Stock markets have recovered since the financial crisis and there has been a resurgence of the initial public offering (IPO) pipeline this year. But the slump in public stock markets in recent years created a need for an alternative. Since the peak in 1996, when more than 900 companies launched IPOs, successive market crises took their toll: there were just 85 new US listings for 2008 and 2009 combined, according to Dealogic data. Private stock marketplaces, such as SecondMarket, sprung up to fill the gap. They have also proven to be a good training ground for companies, such as LinkedIn, that ultimately want to go public. Also, these markets are one of a growing number of alternatives for companies that may want to stay private at a time when public company regulation has become too burdensome.

What are the implications of this new order in the capital markets? Felix Salmon, a finance blogger at Reuters and one of four people whose thoughts on the subject we sought, argues that with more alternatives for companies to raise new capital and for early investors to realize the value of their shares, a public listing is no longer as compelling as it once was.
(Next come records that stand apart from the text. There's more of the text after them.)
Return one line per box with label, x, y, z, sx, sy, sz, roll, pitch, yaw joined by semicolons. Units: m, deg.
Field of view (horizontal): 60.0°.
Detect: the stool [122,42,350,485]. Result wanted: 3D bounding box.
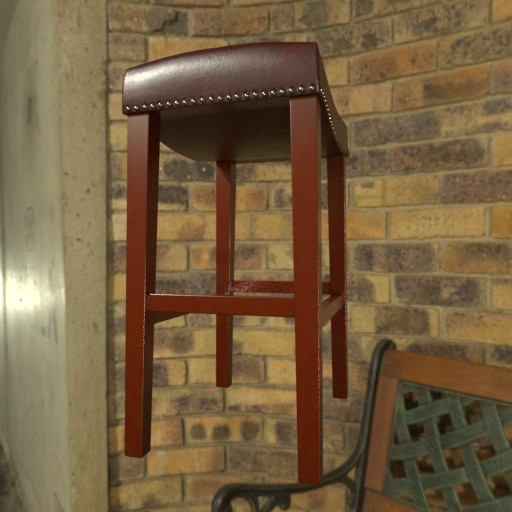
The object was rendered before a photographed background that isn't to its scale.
stool;0.000;0.000;0.994;0.372;0.742;0.504;0;0;17
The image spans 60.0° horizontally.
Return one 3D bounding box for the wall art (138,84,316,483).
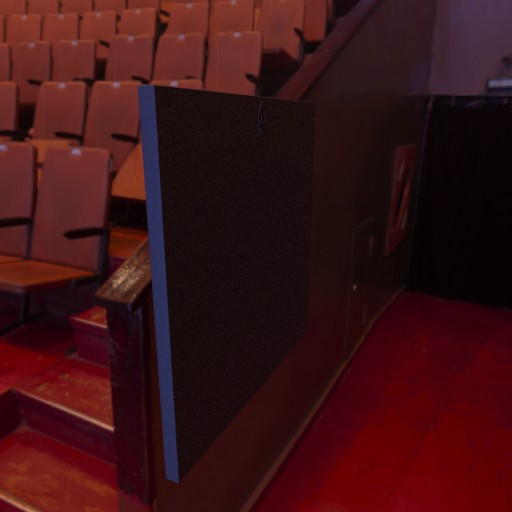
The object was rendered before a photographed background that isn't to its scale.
[{"bbox_3d":[0.000,0.000,1.191,0.043,0.807,0.805,8,19,25],"label":"wall art"}]
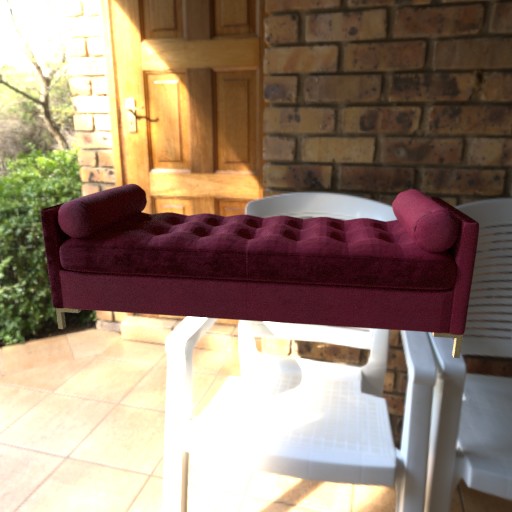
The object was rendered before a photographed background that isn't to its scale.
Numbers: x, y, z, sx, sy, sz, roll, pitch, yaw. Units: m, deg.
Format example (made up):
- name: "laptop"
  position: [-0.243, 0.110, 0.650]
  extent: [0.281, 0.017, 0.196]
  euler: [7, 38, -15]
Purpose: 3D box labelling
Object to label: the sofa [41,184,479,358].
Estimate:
- name: "sofa"
  position: [0.000, 0.000, 2.497]
  extent: [2.102, 0.705, 0.796]
  euler: [3, 16, 9]

Furthermore, oversight of companies doesn’t necessarily require them to go public. However, Salmon recognizes that something may be lost with the dwindling of the public markets: it will make it harder for people of ordinary means to buy a stake in growth companies.
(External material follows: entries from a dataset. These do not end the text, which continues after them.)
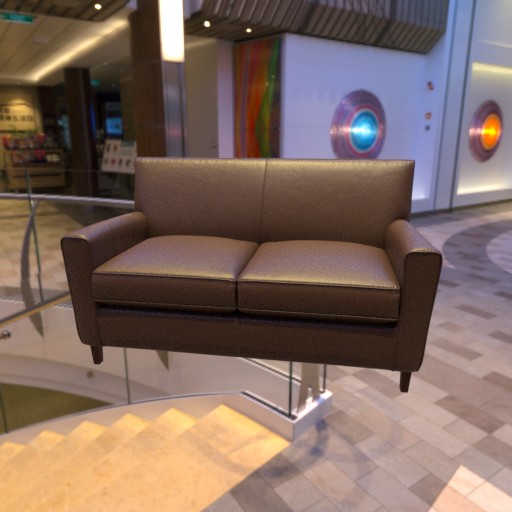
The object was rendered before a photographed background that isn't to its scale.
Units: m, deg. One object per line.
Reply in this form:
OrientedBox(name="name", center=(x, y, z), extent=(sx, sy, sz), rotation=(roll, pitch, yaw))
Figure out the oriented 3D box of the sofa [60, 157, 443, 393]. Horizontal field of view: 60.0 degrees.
OrientedBox(name="sofa", center=(0.000, 0.000, 2.068), extent=(1.468, 0.859, 0.853), rotation=(3, 15, 9))
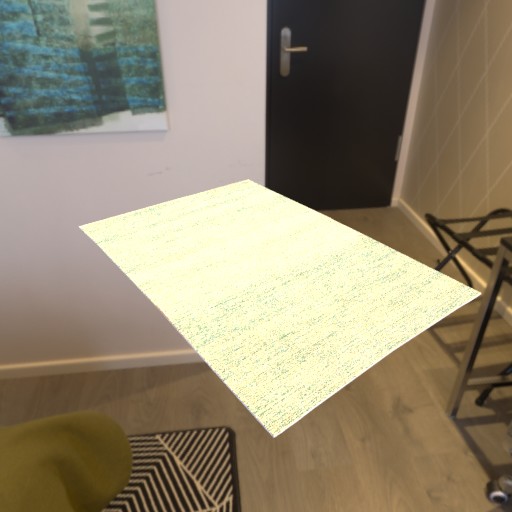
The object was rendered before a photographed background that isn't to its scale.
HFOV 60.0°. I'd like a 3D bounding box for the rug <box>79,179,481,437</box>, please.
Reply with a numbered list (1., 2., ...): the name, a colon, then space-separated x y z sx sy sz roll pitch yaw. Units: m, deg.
1. rug: 0.000 0.000 2.961 1.593 0.029 2.305 -22 37 -31
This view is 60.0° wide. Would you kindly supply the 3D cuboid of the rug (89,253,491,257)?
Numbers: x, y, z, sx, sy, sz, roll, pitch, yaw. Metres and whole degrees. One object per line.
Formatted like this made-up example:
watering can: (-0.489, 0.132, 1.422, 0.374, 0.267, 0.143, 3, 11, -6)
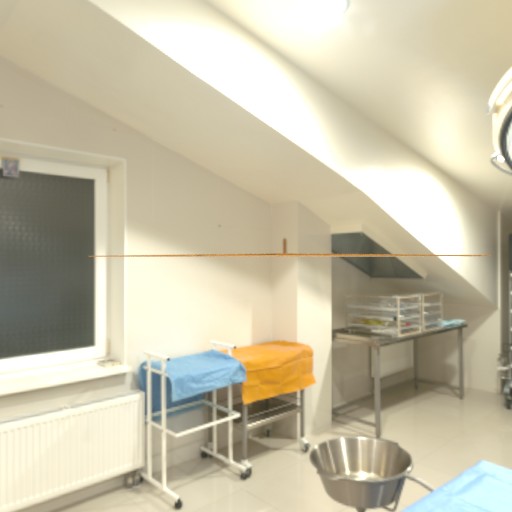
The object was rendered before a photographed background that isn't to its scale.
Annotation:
rug: (0.000, 0.000, 2.955, 1.525, 0.007, 2.336, 0, 0, -36)
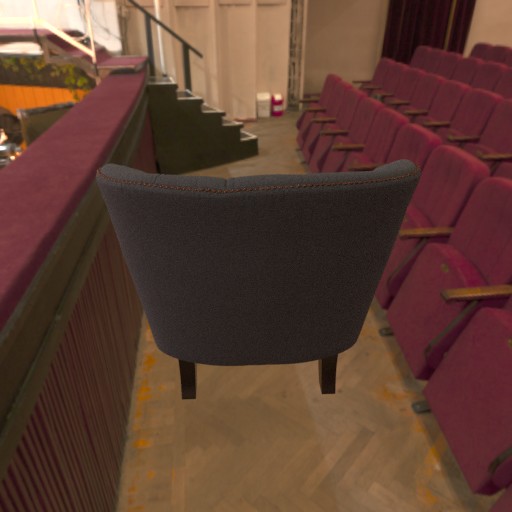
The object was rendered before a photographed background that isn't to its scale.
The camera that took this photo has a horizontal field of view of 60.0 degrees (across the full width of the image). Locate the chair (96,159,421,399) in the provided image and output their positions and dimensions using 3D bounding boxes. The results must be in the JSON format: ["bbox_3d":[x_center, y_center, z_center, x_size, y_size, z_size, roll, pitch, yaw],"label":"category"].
[{"bbox_3d":[0.000,0.000,1.536,0.848,0.868,0.906,-1,29,-2],"label":"chair"}]
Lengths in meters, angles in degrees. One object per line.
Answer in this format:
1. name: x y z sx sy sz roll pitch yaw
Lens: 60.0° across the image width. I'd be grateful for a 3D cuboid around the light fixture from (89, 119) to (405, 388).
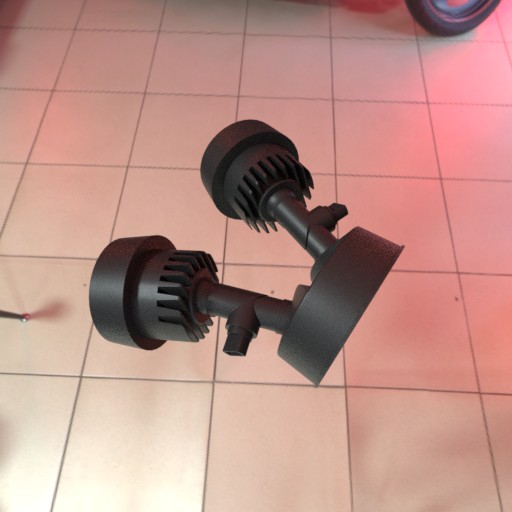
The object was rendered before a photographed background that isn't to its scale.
1. light fixture: 0.000 0.000 0.318 0.168 0.120 0.213 32 67 16

The irony, as several of our contributors point out in the following pages, is that rules and regulations that were put in place to give investors a fairer deal may have become so burdensome and costly that they have deterred banks and companies alike. Catherine James, Head of Investor Relations at Diageo, says that while SEC rules may be understood by savvy investors, the fact that they are not universally understood means they are not having the desired effect. Indeed, they appear to be causing more ambiguity than transparency.

Even before the additional regulatory burden, trends in banking were conspiring against the public markets. Kathryn Coffey, an investment banker and private placement specialist, says the loss of the private capital ecosystem, especially leading “boutique” Wall Street investment banks as well as the dwindling quality of sell-side research, has meant a less friendly market for debutante growth companies.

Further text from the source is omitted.